Свои упражнения с историческими параллелями «вождь» начал в беседе с И. Майским еще в декабре 1941 г. Дипломат спросил его: «Можно ли считать, что основная линия стратегии в нашей войне и войне 1812 г. примерно одинакова, по крайней мере, если брать события нашей войны за первые полгода». Сталин возразил: «Отступление Кутузова было пассивным отступлением, до Бородина он нигде серьезного сопротивления Наполеону не оказывал. Наше отступление — это активная оборона, мы стараемся задержать врага на каждом возможном рубеже, нанести ему удар и путем таких многочисленных ударов измотать его. Общим между отступлениями было то, что они являлись не заранее запланированными, а вынужденными отступлениями»[130]
. В целях оправдания собственных просчетов Сталин, его пропаганда и «историография» широко прибегали к параллели «1812–1941». Приведенная фраза содержит неверное утверждение о Кутузове и его предшественниках, будто бы не оказавших Наполеону вплоть до Бородина «серьезного сопротивления». В обычном для него чванливом духе «вождь» не преминул подчеркнуть, что он «лучше», чем Кутузов. На первый взгляд представляется странным, что Сталин не подчеркнул: он не сдал Москвы в отличие от Кутузова. Полагаем, что такое сравнение неизбежно повлекло бы за собой сопоставление людских потерь. Общие же жертвы 1941 г. по прямой вине Сталина во много раз превосходили жертвы России при Кутузове.Полное нравственное падение Сталин снова обнаружил при редактировании своей краткой биографии, приписав себе все известные воинские доблести. С ее изданием (1952) наиболее низко пала и официальная наука. Составленная Г. Александровым, М. Галактионовым, В. Кружковым, М. Митиным, В. Мочаловым, П. Поспеловым, биография явилась пределом обожествления «великого вождя». Причем военный период вновь был подвергнут наиболее сильным искажениям. Именно в этой книге при участии самого Сталина был сфабрикован миф о «непревзойденном полководце всех времен и народов». Им были внесены в макет его биографии, и без того отличавшейся крайней апологией, такие вставки: «Товарищ Сталин развил дальше передовую советскую военную науку. Товарищ Сталин разработал положение о постоянно действующих факторах, решающих судьбу войны, об активной обороне и законах контрнаступления и наступления, о взаимодействии родов войск и боевой техники в современных условиях войны, о роли больших масс танков и авиации в современной войне, об артиллерии, как самом могучем роде войск. На разных этапах войны сталинский гений находил правильные решения, полностью учитывающие особенности обстановки».

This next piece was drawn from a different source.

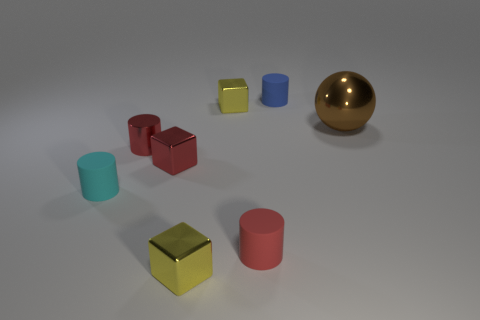What shape is the tiny matte object that is right of the shiny cylinder and in front of the large shiny thing? The tiny matte object located to the right of the shiny cylinder and in front of the large shiny sphere is a cube. 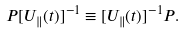Convert formula to latex. <formula><loc_0><loc_0><loc_500><loc_500>P [ U _ { \| } ( t ) ] ^ { - 1 } \equiv [ U _ { \| } ( t ) ] ^ { - 1 } P .</formula>

В биографии отражен тезис об «активной обороне», этот блеф, призванный оправдать отход РККА по всему фронту. Наконец, пожалуй, самое циничное. Сталин пишет: «Сталинское военное искусство проявилось как в обороне, так и в наступлении… С гениальной проницательностью разгадывал товарищ Сталин планы врага и отражал их. В сражениях, в которых товарищ Сталин руководил советскими войсками, воплощены выдающиеся образцы военного оперативного искусства». Но как раз непонимание «планов врага», начиная с критических предвоенных месяцев 1941 г., кончая Берлинской операцией, обусловило в конечном счете гигантские потери Красной Армии[131]
.Старания генералиссимуса, его придворных историографов и поэтов не прошли даром. Если взять многие советские романы, кинофильмы и исторические «исследования», подчеркивалось на XX съезде КПСС, то в них совершенно неправдоподобно изображается роль Сталина в войне. Обычно рисуется такая схема. Сталин все предвидел. Советская Армия чуть ли не по заранее начертанным им стратегическим планам успешно оборонялась, впоследствии опять благодаря гению Сталина перешла в наступление и разгромила врага. Всемирно-историческая победа приписана всецело полководческому гению Сталина[132]
. В официальной военной историографии преобладала лексика сталинистской пропаганды. Превосходство, успехи противника, фашистская оккупация были обязательно «временными», советский же патриотизм был «величайшим», работа партии — «титанической». Давно замечено, что язык — явление отнюдь не связанное лишь с формой сочинения. В литературу, например, вошел штамп «всенародная борьба в тылу врага», что неверно и по существу: на оккупированных территориях СССР оставалось более 80 млн человек, а в партизанском движении активно участвовало лишь более 2 млн.